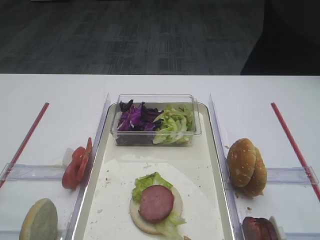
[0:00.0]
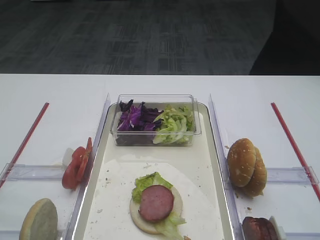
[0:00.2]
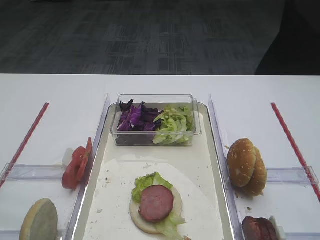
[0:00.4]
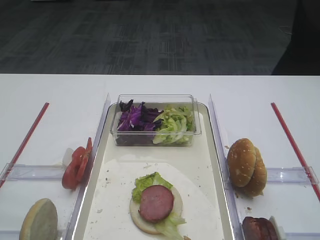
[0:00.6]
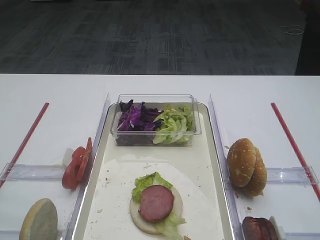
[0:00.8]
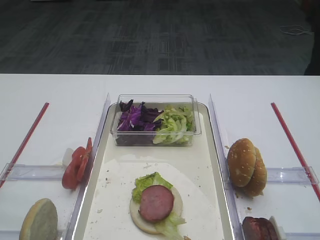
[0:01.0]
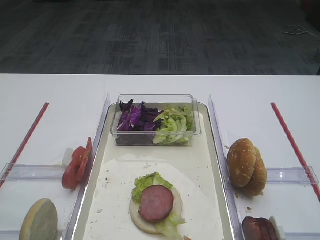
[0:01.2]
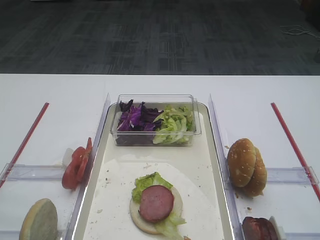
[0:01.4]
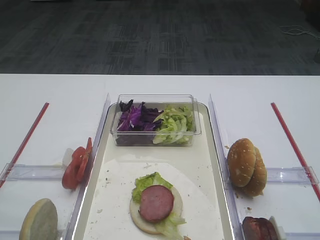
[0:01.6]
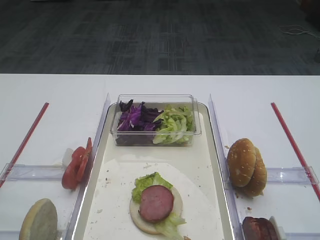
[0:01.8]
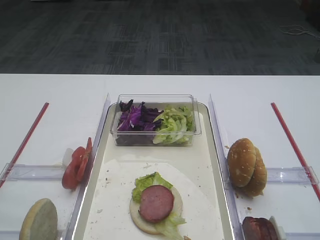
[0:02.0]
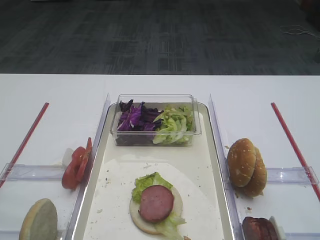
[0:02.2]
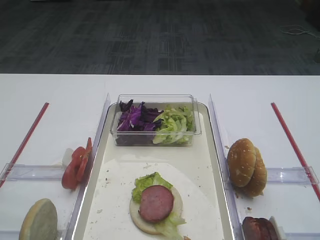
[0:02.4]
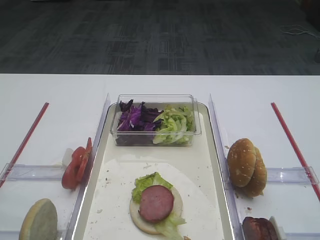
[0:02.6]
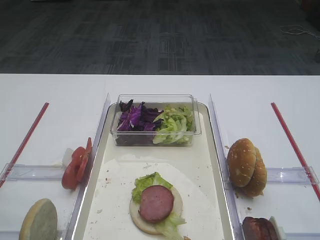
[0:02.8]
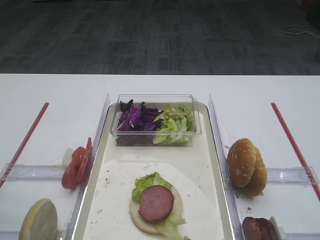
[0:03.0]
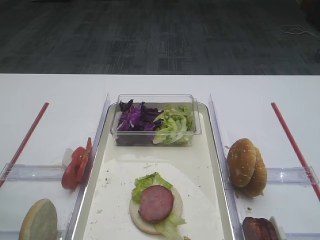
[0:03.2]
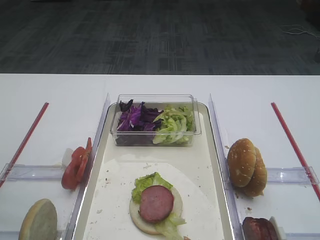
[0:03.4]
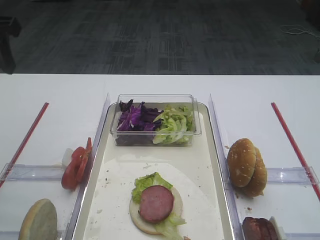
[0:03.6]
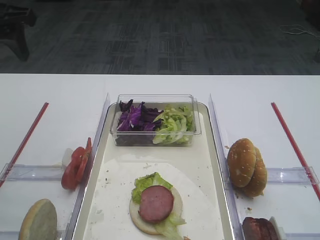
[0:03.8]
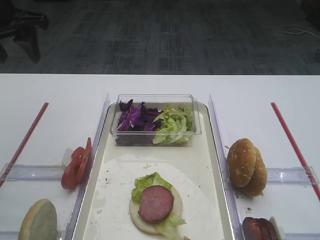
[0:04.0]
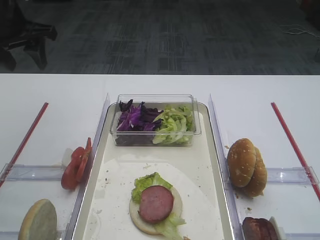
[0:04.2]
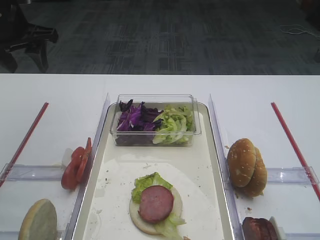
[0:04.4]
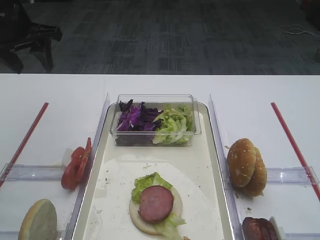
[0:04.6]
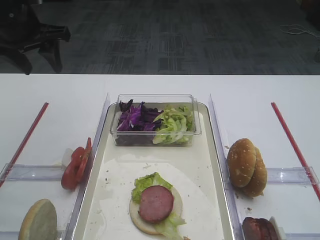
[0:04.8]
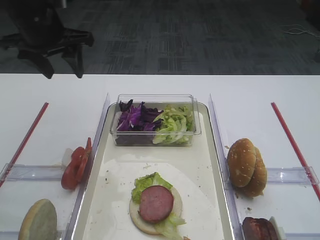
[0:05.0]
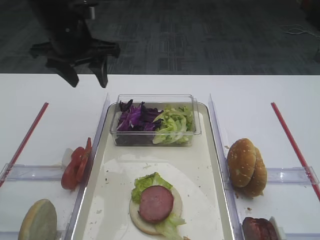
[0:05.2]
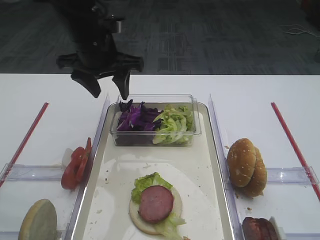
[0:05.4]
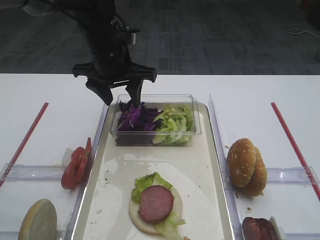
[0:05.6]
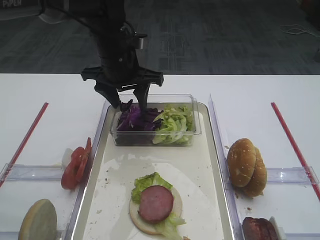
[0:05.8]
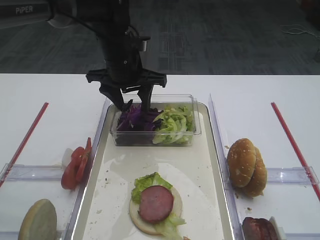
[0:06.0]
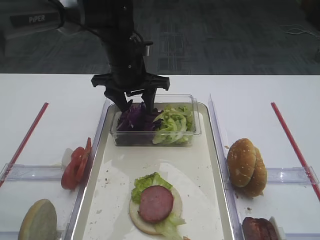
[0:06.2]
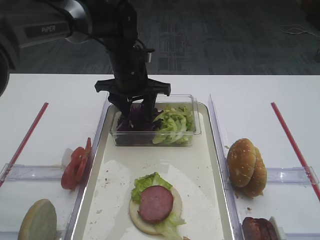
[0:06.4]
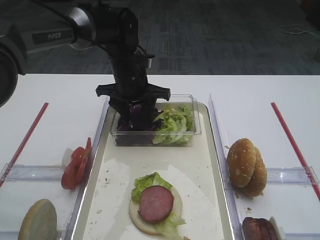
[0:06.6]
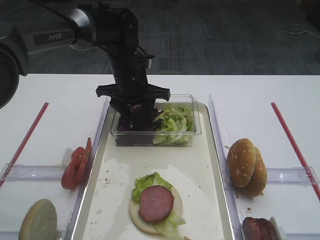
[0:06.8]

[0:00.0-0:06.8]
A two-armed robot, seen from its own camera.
0:02.8 to 0:04.0: The left gripper moves forward, roughly 30 cm.
0:04.0 to 0:05.4: The left gripper shifts approximately 15 cm to the right and downward.
0:05.4 to 0:06.8: The left gripper shifts approximately 10 cm downward and to the right.

============

Transcribe the listing exactly. Its images are to be omitted.

# [Expected output]
[0:00.0]
[0:00.2]
[0:00.4]
[0:00.6]
[0:00.8]
[0:01.0]
[0:01.2]
[0:01.4]
[0:01.6]
[0:01.8]
[0:02.0]
[0:02.2]
[0:02.4]
[0:02.6]
[0:02.8]
[0:03.0]
[0:03.2]
[0:03.4]
[0:03.6]
[0:03.8]
[0:04.0]
[0:04.2]
[0:04.4]
[0:04.6]
[0:04.8]
[0:05.0]
[0:05.2]
[0:05.4]
[0:05.6]
[0:05.8]
[0:06.0]
[0:06.2]
[0:06.4]
[0:06.6]
[0:06.8]

[0:00.0-0:06.8]
A two-armed robot, seen from its own camera.
0:02.8 to 0:04.0: The left gripper moves forward, roughly 30 cm.
0:04.0 to 0:05.4: The left gripper shifts approximately 15 cm to the right and downward.
0:05.4 to 0:06.8: The left gripper shifts approximately 10 cm downward and to the right.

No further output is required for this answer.